__What you have to do__: Copy each entry precisely as written, and do not carry over the pictures.

__Exercise material__:
==============================

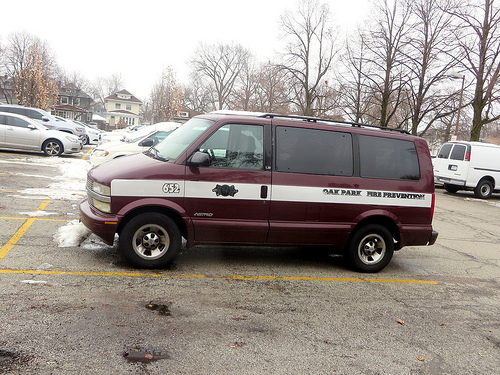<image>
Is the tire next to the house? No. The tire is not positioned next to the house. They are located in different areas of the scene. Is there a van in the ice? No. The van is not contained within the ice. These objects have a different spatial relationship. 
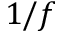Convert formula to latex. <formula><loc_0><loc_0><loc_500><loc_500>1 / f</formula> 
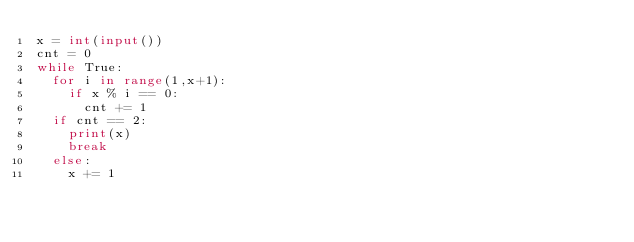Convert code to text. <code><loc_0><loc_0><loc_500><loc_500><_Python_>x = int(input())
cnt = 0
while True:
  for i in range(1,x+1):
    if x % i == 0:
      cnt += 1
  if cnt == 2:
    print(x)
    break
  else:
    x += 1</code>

==============================

__Response box__:
<image>
Is the tire next to the house? No. The tire is not positioned next to the house. They are located in different areas of the scene. Is there a van in the ice? No. The van is not contained within the ice. These objects have a different spatial relationship. 
Convert formula to latex. <formula><loc_0><loc_0><loc_500><loc_500>1 / f</formula> 
Convert code to text. <code><loc_0><loc_0><loc_500><loc_500><_Python_>x = int(input())
cnt = 0
while True:
  for i in range(1,x+1):
    if x % i == 0:
      cnt += 1
  if cnt == 2:
    print(x)
    break
  else:
    x += 1</code>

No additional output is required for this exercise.